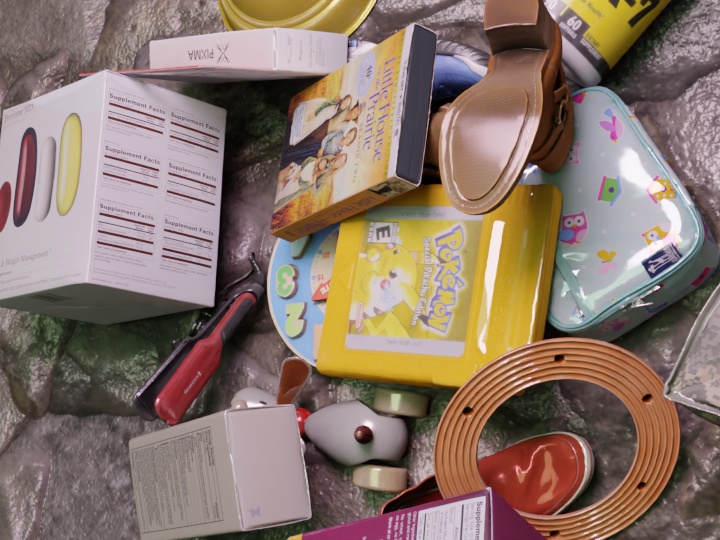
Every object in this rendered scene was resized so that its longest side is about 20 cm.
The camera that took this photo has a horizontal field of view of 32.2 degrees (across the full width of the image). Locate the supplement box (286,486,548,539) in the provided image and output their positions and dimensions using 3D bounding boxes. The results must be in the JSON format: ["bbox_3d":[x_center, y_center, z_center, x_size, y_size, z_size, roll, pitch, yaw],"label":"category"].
[{"bbox_3d":[0.048,0.265,1.002,0.200,0.131,0.103,-19,44,28],"label":"supplement box"}]

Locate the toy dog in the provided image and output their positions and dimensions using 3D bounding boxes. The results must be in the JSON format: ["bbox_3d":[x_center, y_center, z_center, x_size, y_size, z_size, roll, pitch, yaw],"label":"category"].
[{"bbox_3d":[-0.039,0.143,1.120,0.200,0.096,0.132,-15,72,22],"label":"toy dog"}]

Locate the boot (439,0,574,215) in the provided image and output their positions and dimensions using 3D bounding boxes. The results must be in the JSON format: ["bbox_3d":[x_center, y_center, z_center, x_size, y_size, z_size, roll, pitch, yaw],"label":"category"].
[{"bbox_3d":[0.128,-0.110,0.982,0.074,0.155,0.200,9,71,24],"label":"boot"}]

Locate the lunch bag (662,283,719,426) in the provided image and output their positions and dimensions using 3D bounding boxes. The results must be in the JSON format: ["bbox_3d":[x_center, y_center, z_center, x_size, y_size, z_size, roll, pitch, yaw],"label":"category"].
[{"bbox_3d":[0.335,0.039,0.929,0.118,0.164,0.200,27,91,34],"label":"lunch bag"}]

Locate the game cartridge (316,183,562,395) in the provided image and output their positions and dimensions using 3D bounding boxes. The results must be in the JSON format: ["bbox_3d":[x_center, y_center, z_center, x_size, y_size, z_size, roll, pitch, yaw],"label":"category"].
[{"bbox_3d":[0.064,0.011,1.059,0.200,0.032,0.177,2,76,33],"label":"game cartridge"}]

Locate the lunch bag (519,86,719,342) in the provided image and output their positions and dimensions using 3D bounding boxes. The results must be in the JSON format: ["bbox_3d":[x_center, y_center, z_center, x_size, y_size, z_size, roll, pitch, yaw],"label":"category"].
[{"bbox_3d":[0.196,-0.043,1.061,0.160,0.077,0.200,-33,61,14],"label":"lunch bag"}]

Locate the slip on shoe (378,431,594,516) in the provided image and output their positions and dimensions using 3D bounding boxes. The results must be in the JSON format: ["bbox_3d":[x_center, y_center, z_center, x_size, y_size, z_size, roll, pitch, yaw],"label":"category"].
[{"bbox_3d":[0.104,0.192,1.061,0.200,0.061,0.074,-23,68,16],"label":"slip on shoe"}]

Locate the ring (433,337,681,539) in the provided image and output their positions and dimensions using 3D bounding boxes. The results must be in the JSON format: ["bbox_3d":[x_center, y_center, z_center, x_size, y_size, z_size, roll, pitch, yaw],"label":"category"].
[{"bbox_3d":[0.157,0.141,1.002,0.200,0.200,0.019,-38,21,13],"label":"ring"}]

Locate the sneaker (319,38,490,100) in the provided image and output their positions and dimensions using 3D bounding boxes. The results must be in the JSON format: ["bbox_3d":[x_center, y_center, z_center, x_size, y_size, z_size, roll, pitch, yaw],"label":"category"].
[{"bbox_3d":[0.046,-0.175,1.177,0.200,0.076,0.077,3,85,36],"label":"sneaker"}]

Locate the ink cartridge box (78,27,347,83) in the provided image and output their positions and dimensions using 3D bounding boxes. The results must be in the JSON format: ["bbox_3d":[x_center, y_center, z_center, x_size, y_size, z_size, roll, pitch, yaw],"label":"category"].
[{"bbox_3d":[-0.141,-0.203,1.179,0.200,0.173,0.044,6,97,46],"label":"ink cartridge box"}]

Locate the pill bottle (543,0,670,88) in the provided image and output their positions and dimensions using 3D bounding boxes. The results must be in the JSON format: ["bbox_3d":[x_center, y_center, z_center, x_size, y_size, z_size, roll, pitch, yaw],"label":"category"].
[{"bbox_3d":[0.224,-0.269,1.084,0.114,0.114,0.200,44,98,27],"label":"pill bottle"}]

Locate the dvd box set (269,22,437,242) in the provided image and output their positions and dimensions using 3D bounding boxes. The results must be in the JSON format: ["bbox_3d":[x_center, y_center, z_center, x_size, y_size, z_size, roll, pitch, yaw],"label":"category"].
[{"bbox_3d":[-0.009,-0.117,1.104,0.200,0.029,0.147,-19,58,53],"label":"dvd box set"}]

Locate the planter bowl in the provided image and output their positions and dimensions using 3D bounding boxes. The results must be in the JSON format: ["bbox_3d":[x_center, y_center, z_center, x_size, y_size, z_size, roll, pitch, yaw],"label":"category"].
[{"bbox_3d":[-0.078,-0.320,1.258,0.200,0.083,0.201,-6,75,24],"label":"planter bowl"}]

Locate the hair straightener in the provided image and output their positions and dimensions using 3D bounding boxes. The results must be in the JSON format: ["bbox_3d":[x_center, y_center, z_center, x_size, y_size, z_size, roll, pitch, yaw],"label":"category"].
[{"bbox_3d":[-0.156,0.060,1.189,0.077,0.041,0.200,0,50,43],"label":"hair straightener"}]

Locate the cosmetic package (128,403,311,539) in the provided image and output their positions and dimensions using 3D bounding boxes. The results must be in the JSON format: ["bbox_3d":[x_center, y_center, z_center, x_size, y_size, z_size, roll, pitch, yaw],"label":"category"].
[{"bbox_3d":[-0.130,0.184,1.112,0.200,0.071,0.105,-20,75,53],"label":"cosmetic package"}]

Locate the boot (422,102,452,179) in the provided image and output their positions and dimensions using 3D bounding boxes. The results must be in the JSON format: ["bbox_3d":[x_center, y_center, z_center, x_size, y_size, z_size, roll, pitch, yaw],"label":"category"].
[{"bbox_3d":[0.056,-0.098,1.083,0.075,0.200,0.074,-26,99,-10],"label":"boot"}]

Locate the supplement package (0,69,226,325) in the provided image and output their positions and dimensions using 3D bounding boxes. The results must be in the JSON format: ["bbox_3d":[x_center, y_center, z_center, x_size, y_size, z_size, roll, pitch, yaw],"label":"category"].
[{"bbox_3d":[-0.249,-0.063,1.213,0.191,0.147,0.200,-10,72,44],"label":"supplement package"}]

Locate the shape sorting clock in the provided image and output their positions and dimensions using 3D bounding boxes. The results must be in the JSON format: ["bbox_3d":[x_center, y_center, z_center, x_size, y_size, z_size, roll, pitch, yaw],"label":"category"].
[{"bbox_3d":[0.000,0.000,1.169,0.200,0.039,0.200,-6,75,24],"label":"shape sorting clock"}]
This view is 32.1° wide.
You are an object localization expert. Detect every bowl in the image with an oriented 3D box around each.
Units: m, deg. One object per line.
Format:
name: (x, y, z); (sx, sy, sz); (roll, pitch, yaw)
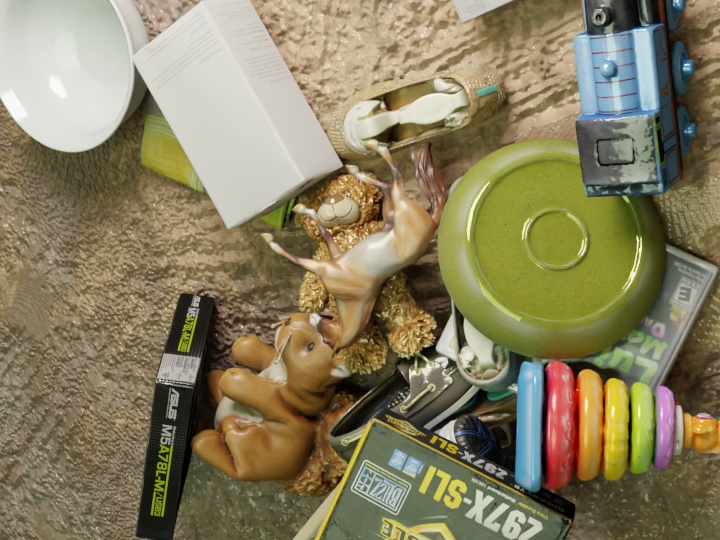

> [Work request]: Every record above must be copied exactly, and no picture may appear in the copy.

> [Solution for this exercise]:
Every object in this rendered scene was resized so that its longest side is about 20 cm.
The camera that took this photo has a horizontal field of view of 32.2 degrees (across the full width of the image). Locate the supplement box (286,486,548,539) in the provided image and output their positions and dimensions using 3D bounding boxes. The results must be in the JSON format: ["bbox_3d":[x_center, y_center, z_center, x_size, y_size, z_size, roll, pitch, yaw],"label":"category"].
[{"bbox_3d":[0.048,0.265,1.002,0.200,0.131,0.103,-19,44,28],"label":"supplement box"}]

Locate the toy dog in the provided image and output their positions and dimensions using 3D bounding boxes. The results must be in the JSON format: ["bbox_3d":[x_center, y_center, z_center, x_size, y_size, z_size, roll, pitch, yaw],"label":"category"].
[{"bbox_3d":[-0.039,0.143,1.120,0.200,0.096,0.132,-15,72,22],"label":"toy dog"}]

Locate the boot (439,0,574,215) in the provided image and output their positions and dimensions using 3D bounding boxes. The results must be in the JSON format: ["bbox_3d":[x_center, y_center, z_center, x_size, y_size, z_size, roll, pitch, yaw],"label":"category"].
[{"bbox_3d":[0.128,-0.110,0.982,0.074,0.155,0.200,9,71,24],"label":"boot"}]

Locate the lunch bag (662,283,719,426) in the provided image and output their positions and dimensions using 3D bounding boxes. The results must be in the JSON format: ["bbox_3d":[x_center, y_center, z_center, x_size, y_size, z_size, roll, pitch, yaw],"label":"category"].
[{"bbox_3d":[0.335,0.039,0.929,0.118,0.164,0.200,27,91,34],"label":"lunch bag"}]

Locate the game cartridge (316,183,562,395) in the provided image and output their positions and dimensions using 3D bounding boxes. The results must be in the JSON format: ["bbox_3d":[x_center, y_center, z_center, x_size, y_size, z_size, roll, pitch, yaw],"label":"category"].
[{"bbox_3d":[0.064,0.011,1.059,0.200,0.032,0.177,2,76,33],"label":"game cartridge"}]

Locate the lunch bag (519,86,719,342) in the provided image and output their positions and dimensions using 3D bounding boxes. The results must be in the JSON format: ["bbox_3d":[x_center, y_center, z_center, x_size, y_size, z_size, roll, pitch, yaw],"label":"category"].
[{"bbox_3d":[0.196,-0.043,1.061,0.160,0.077,0.200,-33,61,14],"label":"lunch bag"}]

Locate the slip on shoe (378,431,594,516) in the provided image and output their positions and dimensions using 3D bounding boxes. The results must be in the JSON format: ["bbox_3d":[x_center, y_center, z_center, x_size, y_size, z_size, roll, pitch, yaw],"label":"category"].
[{"bbox_3d":[0.104,0.192,1.061,0.200,0.061,0.074,-23,68,16],"label":"slip on shoe"}]

Locate the ring (433,337,681,539) in the provided image and output their positions and dimensions using 3D bounding boxes. The results must be in the JSON format: ["bbox_3d":[x_center, y_center, z_center, x_size, y_size, z_size, roll, pitch, yaw],"label":"category"].
[{"bbox_3d":[0.157,0.141,1.002,0.200,0.200,0.019,-38,21,13],"label":"ring"}]

Locate the sneaker (319,38,490,100) in the provided image and output their positions and dimensions using 3D bounding boxes. The results must be in the JSON format: ["bbox_3d":[x_center, y_center, z_center, x_size, y_size, z_size, roll, pitch, yaw],"label":"category"].
[{"bbox_3d":[0.046,-0.175,1.177,0.200,0.076,0.077,3,85,36],"label":"sneaker"}]

Locate the ink cartridge box (78,27,347,83) in the provided image and output their positions and dimensions using 3D bounding boxes. The results must be in the JSON format: ["bbox_3d":[x_center, y_center, z_center, x_size, y_size, z_size, roll, pitch, yaw],"label":"category"].
[{"bbox_3d":[-0.141,-0.203,1.179,0.200,0.173,0.044,6,97,46],"label":"ink cartridge box"}]

Locate the pill bottle (543,0,670,88) in the provided image and output their positions and dimensions using 3D bounding boxes. The results must be in the JSON format: ["bbox_3d":[x_center, y_center, z_center, x_size, y_size, z_size, roll, pitch, yaw],"label":"category"].
[{"bbox_3d":[0.224,-0.269,1.084,0.114,0.114,0.200,44,98,27],"label":"pill bottle"}]

Locate the dvd box set (269,22,437,242) in the provided image and output their positions and dimensions using 3D bounding boxes. The results must be in the JSON format: ["bbox_3d":[x_center, y_center, z_center, x_size, y_size, z_size, roll, pitch, yaw],"label":"category"].
[{"bbox_3d":[-0.009,-0.117,1.104,0.200,0.029,0.147,-19,58,53],"label":"dvd box set"}]

Locate the planter bowl in the provided image and output their positions and dimensions using 3D bounding boxes. The results must be in the JSON format: ["bbox_3d":[x_center, y_center, z_center, x_size, y_size, z_size, roll, pitch, yaw],"label":"category"].
[{"bbox_3d":[-0.078,-0.320,1.258,0.200,0.083,0.201,-6,75,24],"label":"planter bowl"}]

Locate the hair straightener in the provided image and output their positions and dimensions using 3D bounding boxes. The results must be in the JSON format: ["bbox_3d":[x_center, y_center, z_center, x_size, y_size, z_size, roll, pitch, yaw],"label":"category"].
[{"bbox_3d":[-0.156,0.060,1.189,0.077,0.041,0.200,0,50,43],"label":"hair straightener"}]

Locate the cosmetic package (128,403,311,539) in the provided image and output their positions and dimensions using 3D bounding boxes. The results must be in the JSON format: ["bbox_3d":[x_center, y_center, z_center, x_size, y_size, z_size, roll, pitch, yaw],"label":"category"].
[{"bbox_3d":[-0.130,0.184,1.112,0.200,0.071,0.105,-20,75,53],"label":"cosmetic package"}]

Locate the boot (422,102,452,179) in the provided image and output their positions and dimensions using 3D bounding boxes. The results must be in the JSON format: ["bbox_3d":[x_center, y_center, z_center, x_size, y_size, z_size, roll, pitch, yaw],"label":"category"].
[{"bbox_3d":[0.056,-0.098,1.083,0.075,0.200,0.074,-26,99,-10],"label":"boot"}]

Locate the supplement package (0,69,226,325) in the provided image and output their positions and dimensions using 3D bounding boxes. The results must be in the JSON format: ["bbox_3d":[x_center, y_center, z_center, x_size, y_size, z_size, roll, pitch, yaw],"label":"category"].
[{"bbox_3d":[-0.249,-0.063,1.213,0.191,0.147,0.200,-10,72,44],"label":"supplement package"}]

Locate the shape sorting clock in the provided image and output their positions and dimensions using 3D bounding boxes. The results must be in the JSON format: ["bbox_3d":[x_center, y_center, z_center, x_size, y_size, z_size, roll, pitch, yaw],"label":"category"].
[{"bbox_3d":[0.000,0.000,1.169,0.200,0.039,0.200,-6,75,24],"label":"shape sorting clock"}]
This view is 32.1° wide.
You are an object localization expert. Detect every bowl in the image with an oriented 3D box around each.
Units: m, deg. One object per line.
Format:
name: (x, y, z); (sx, sy, sz); (roll, pitch, yaw)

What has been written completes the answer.